1. chimney system for a condensing boiler, with at least one exhaust pipe (20) and at least one air pipe (10), which are arranged surrounding each other in such a way that the outer wall (22) of one pipe (20) an inner wall (22) of the other pipe ( 10) forms (air exhaust chimney), characterized in that condensate collecting plates (28) are arranged on the exhaust side of the common wall, that at least one bore (34) connecting the exhaust side to the air side is arranged in the region of each condensate collecting plate , and that a distributing device (36, 42) for the condensate is arranged on the air side in the region of each bore.

2. Chimney system according to claim 1, characterized in that the distribution device consists of a capillary effect fleece (36) or fabric with which the wall (22) is clad on the air side.

3. chimney system according to claim I, characterized in that the distribution device for the condensate consists of baffles (42) arranged on the air side of the wall (22).

4. chimney system according to claim 3, characterized in that the guide plates (42) in the region of the associated bore (34) are cup-shaped.

Chimney system according to claim 4, characterized in that the bowl-shaped guide plates (42) have overflow incisions (44) for the condensate at an upper edge (46).

6. Chimney system according to one of the preceding claims, characterized in that the air pipe (10) is designed concentrically surrounding the exhaust pipe (20).

7. chimney system according to claim 6, characterized in that air (10) and exhaust pipe (20) have circular cross sections.

8. chimney system according to any one of the preceding claims, characterized in that on the inside of the exhaust pipe (20) a plurality of annular condensate collecting plates (28) are staggered in height one above the other.

9. chimney system according to claim 8, characterized in that the condensate collecting plates (28) in a radial plane of the

Exhaust pipe (20) have a cross-section (30) which is concavely shaped towards the wall (22) of the exhaust pipe.

10. Chimney system according to claim 8, characterized in that the condensate collecting plates (28) have the geometric basic shape of a conical section.

11. Chimney system according to claim 8 or 9, characterized gekenn¬ characterized in that in the region of each condensate collecting plate (28) a plurality of holes (34) directed towards the air side of the wall (22) are arranged uniformly distributed in the circumferential direction.

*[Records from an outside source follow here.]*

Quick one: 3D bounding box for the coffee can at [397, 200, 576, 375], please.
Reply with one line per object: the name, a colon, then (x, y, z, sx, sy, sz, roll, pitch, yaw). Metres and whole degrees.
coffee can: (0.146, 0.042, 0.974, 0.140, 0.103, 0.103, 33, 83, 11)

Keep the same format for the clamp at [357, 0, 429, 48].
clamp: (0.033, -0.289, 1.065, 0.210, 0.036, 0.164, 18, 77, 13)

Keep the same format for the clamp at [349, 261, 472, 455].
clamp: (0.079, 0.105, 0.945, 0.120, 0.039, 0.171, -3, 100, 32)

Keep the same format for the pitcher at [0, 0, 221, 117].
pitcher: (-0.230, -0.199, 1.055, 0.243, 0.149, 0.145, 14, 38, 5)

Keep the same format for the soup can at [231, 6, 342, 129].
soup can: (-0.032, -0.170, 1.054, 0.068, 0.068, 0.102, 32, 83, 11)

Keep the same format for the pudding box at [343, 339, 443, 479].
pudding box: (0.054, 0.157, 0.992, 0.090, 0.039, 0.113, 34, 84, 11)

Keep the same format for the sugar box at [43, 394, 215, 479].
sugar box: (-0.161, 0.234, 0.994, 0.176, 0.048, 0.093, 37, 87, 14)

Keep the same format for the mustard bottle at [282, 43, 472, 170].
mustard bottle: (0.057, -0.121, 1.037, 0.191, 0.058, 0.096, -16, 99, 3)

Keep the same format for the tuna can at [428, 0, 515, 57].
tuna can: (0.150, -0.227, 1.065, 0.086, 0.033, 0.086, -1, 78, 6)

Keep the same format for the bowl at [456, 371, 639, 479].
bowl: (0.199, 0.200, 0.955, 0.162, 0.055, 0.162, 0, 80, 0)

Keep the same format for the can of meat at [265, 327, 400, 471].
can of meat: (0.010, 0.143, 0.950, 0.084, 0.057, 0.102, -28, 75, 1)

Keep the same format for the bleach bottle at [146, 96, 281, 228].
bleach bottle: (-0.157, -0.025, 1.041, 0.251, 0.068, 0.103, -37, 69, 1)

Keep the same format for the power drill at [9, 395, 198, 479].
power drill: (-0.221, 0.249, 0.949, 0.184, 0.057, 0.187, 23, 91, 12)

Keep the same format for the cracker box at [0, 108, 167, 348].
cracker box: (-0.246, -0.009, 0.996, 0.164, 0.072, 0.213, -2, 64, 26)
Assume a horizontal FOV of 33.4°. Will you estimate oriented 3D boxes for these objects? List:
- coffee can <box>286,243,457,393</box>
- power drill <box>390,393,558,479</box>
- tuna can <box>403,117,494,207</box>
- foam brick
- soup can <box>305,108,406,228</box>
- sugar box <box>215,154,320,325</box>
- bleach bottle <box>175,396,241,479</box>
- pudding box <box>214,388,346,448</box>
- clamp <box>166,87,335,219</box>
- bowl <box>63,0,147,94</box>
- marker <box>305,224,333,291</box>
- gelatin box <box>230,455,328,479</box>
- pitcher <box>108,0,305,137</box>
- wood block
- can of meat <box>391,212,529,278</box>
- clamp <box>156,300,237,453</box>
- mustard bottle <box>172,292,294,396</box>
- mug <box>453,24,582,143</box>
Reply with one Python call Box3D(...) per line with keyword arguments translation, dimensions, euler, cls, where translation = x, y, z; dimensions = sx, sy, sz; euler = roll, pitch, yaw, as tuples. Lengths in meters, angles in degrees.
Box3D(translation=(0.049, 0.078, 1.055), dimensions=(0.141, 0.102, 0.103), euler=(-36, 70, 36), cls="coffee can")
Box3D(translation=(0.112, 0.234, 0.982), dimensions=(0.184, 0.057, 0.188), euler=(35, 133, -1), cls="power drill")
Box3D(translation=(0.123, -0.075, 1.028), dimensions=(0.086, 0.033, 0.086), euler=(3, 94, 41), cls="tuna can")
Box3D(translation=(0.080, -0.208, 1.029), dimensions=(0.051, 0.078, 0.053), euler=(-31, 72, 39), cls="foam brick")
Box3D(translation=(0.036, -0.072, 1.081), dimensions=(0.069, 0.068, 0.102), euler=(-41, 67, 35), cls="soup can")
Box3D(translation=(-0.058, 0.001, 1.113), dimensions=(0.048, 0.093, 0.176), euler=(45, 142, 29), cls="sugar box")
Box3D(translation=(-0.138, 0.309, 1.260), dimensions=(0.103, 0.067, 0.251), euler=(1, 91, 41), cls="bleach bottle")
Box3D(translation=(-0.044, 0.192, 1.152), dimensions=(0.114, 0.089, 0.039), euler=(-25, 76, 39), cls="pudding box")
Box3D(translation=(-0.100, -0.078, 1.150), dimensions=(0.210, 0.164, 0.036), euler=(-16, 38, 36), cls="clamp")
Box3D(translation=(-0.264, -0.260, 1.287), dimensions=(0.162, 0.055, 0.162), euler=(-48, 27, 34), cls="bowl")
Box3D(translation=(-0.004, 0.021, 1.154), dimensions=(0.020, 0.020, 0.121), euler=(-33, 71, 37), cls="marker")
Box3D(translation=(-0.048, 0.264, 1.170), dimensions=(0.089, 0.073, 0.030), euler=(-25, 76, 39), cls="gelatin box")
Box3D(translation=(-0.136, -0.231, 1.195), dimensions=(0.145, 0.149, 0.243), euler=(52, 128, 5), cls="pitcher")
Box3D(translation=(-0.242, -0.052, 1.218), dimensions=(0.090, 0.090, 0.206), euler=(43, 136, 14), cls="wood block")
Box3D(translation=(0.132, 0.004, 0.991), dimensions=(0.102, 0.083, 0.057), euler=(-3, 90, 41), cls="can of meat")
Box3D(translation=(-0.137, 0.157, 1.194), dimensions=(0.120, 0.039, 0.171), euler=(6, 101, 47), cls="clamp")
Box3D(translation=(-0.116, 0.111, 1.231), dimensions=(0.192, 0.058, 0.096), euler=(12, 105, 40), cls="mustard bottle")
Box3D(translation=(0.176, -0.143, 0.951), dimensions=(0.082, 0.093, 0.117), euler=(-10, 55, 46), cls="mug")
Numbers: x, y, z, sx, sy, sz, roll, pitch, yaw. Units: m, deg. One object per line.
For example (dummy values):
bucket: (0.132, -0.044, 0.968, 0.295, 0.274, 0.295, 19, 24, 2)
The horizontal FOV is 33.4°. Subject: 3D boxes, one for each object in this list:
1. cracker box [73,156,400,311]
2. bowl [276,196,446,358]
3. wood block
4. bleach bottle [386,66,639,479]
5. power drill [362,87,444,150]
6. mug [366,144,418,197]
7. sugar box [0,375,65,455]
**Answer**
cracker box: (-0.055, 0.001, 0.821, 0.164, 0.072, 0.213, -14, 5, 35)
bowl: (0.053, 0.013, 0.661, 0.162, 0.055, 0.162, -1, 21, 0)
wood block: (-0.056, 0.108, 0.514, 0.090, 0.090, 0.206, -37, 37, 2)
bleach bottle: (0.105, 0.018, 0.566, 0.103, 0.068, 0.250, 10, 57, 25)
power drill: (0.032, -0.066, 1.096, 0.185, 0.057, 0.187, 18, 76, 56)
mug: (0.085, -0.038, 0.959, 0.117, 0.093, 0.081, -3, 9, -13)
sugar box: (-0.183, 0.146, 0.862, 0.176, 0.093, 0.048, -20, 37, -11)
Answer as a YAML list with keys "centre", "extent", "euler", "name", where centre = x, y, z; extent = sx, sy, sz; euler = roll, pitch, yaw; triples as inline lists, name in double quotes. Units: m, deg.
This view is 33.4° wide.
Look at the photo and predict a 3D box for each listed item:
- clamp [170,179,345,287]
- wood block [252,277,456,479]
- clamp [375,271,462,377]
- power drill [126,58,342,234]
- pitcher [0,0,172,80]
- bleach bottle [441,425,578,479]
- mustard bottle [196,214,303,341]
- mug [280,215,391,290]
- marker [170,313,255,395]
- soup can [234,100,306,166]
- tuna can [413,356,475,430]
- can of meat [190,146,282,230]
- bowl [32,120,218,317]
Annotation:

12. Chimney system according to one or more of the preceding claims, characterized in that a plurality of parallel-connected flue pipes (20) of smaller diameter are arranged in an air pipe (10) of larger diameter.

13. Chimney system according to one of the preceding claims, characterized in that the exhaust pipe (20) is closed at its lower end and is connected to a siphon system (40) for discharging excess condensate.

14. Chimney system according to one of the preceding claims, characterized in that the air pipe (10) is closed at its lower end and is connected to a siphon system (38) for discharging excess condensate.

15. Chimney system according to one or more of the preceding claims, characterized in that the condensate collecting plates and / or optionally the condensate guiding plates are formed in one piece with the wall on which they are arranged.

16. Use of a chimney system with the following features for a condensing boiler:

- Double-shell structure with at least one exhaust pipe

(20) and at least one air pipe (10), which are arranged surrounding one another in such a way that the outer wall (22) of one pipe (20) forms an inner wall (22) of the other pipe (10) (air flue ),

- The common wall is designed so that heat and mass transfer from the exhaust side to the air side is made possible.